Top of SUPPLIED ENTRIES

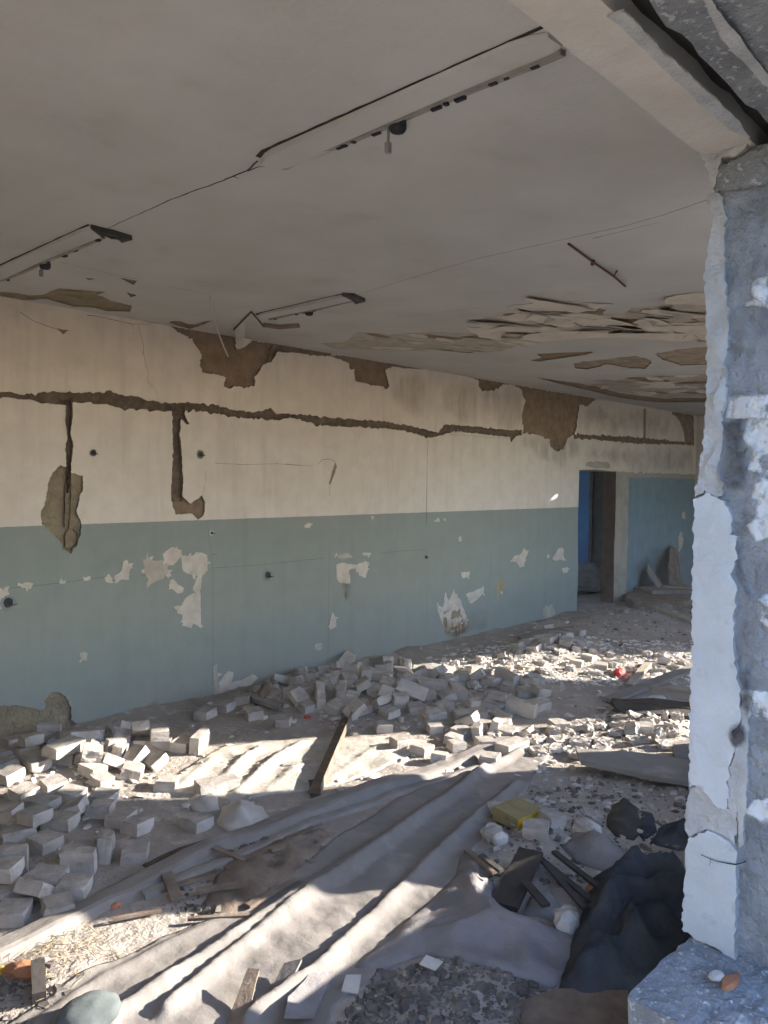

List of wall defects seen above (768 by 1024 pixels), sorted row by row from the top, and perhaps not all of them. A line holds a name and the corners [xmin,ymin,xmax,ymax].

crack [109,161,264,228]
spalling [0,278,136,312]
spalling [169,292,708,452]
spalling [41,465,83,553]
peeling [105,546,211,628]
peeling [335,552,371,584]
peeling [437,579,506,632]
spalling [0,692,77,739]
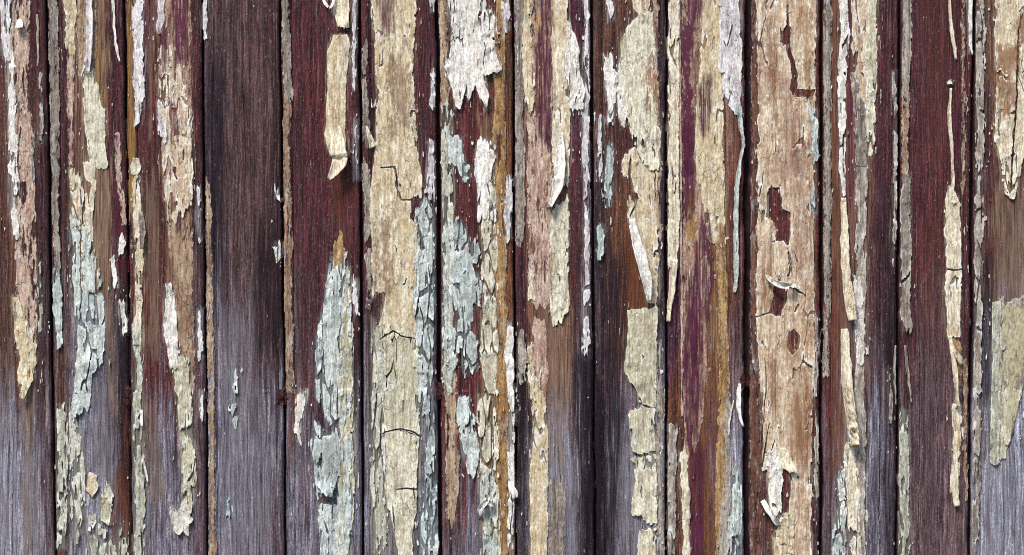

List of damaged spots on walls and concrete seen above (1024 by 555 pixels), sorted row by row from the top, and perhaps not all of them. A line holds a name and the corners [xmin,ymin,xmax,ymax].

peeling [0,0,150,555]
peeling [127,0,243,555]
crack [381,166,410,200]
crack [380,331,415,362]
peeling [273,0,915,555]
peeling [944,0,1024,555]
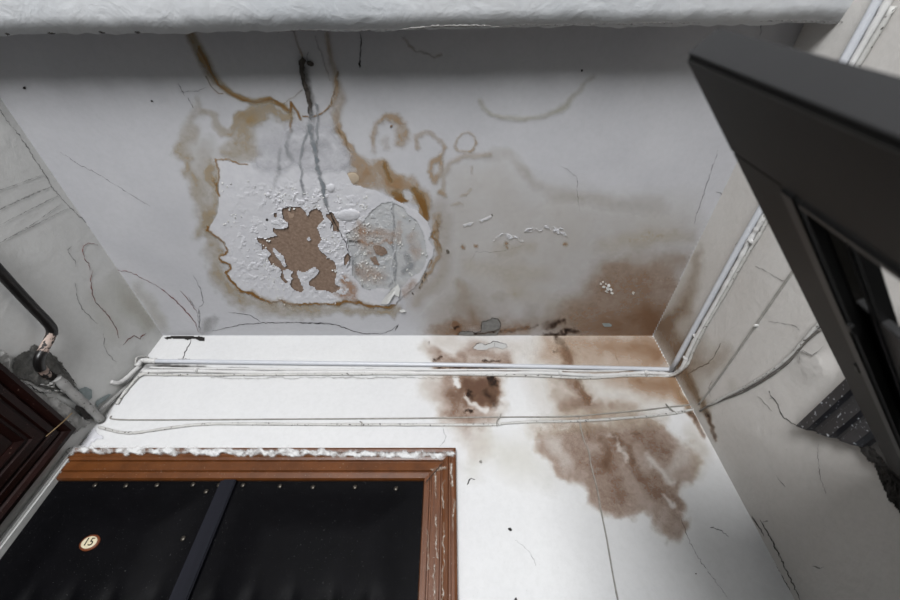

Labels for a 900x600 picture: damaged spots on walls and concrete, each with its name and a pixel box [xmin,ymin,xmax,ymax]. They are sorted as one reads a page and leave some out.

water stain [372,113,408,145]
water stain [175,32,400,315]
peeling [209,127,434,312]
crack [325,204,358,267]
water stain [334,122,446,295]
crack [69,243,145,360]
crack [121,271,398,359]
water stain [434,314,481,335]
water stain [497,323,530,335]
water stain [433,344,521,423]
water stain [538,262,698,537]
crack [752,517,800,600]

Bottom of SUPPLIED ENTRIES

■ **TASK GOAL**
Reproduce the whole listing above character for character; pictures do not belong in it.

■ **EXPECTED ANSWER**
List of wall defects seen above (768 by 1024 pixels), sorted row by row from the top, and perhaps not all of them. A line holds a name and the corners [xmin,ymin,xmax,ymax].

crack [109,161,264,228]
spalling [0,278,136,312]
spalling [169,292,708,452]
spalling [41,465,83,553]
peeling [105,546,211,628]
peeling [335,552,371,584]
peeling [437,579,506,632]
spalling [0,692,77,739]

List of damaged spots on walls and concrete seen above (1024 by 555 pixels), sorted row by row from the top, and perhaps not all of them. A line holds a name and the corners [xmin,ymin,xmax,ymax].

peeling [0,0,150,555]
peeling [127,0,243,555]
crack [381,166,410,200]
crack [380,331,415,362]
peeling [273,0,915,555]
peeling [944,0,1024,555]

Labels for a 900x600 picture: damaged spots on walls and concrete, each with its name and a pixel box [xmin,ymin,xmax,ymax]. They are sorted as one reads a page and leave some out.

water stain [372,113,408,145]
water stain [175,32,400,315]
peeling [209,127,434,312]
crack [325,204,358,267]
water stain [334,122,446,295]
crack [69,243,145,360]
crack [121,271,398,359]
water stain [434,314,481,335]
water stain [497,323,530,335]
water stain [433,344,521,423]
water stain [538,262,698,537]
crack [752,517,800,600]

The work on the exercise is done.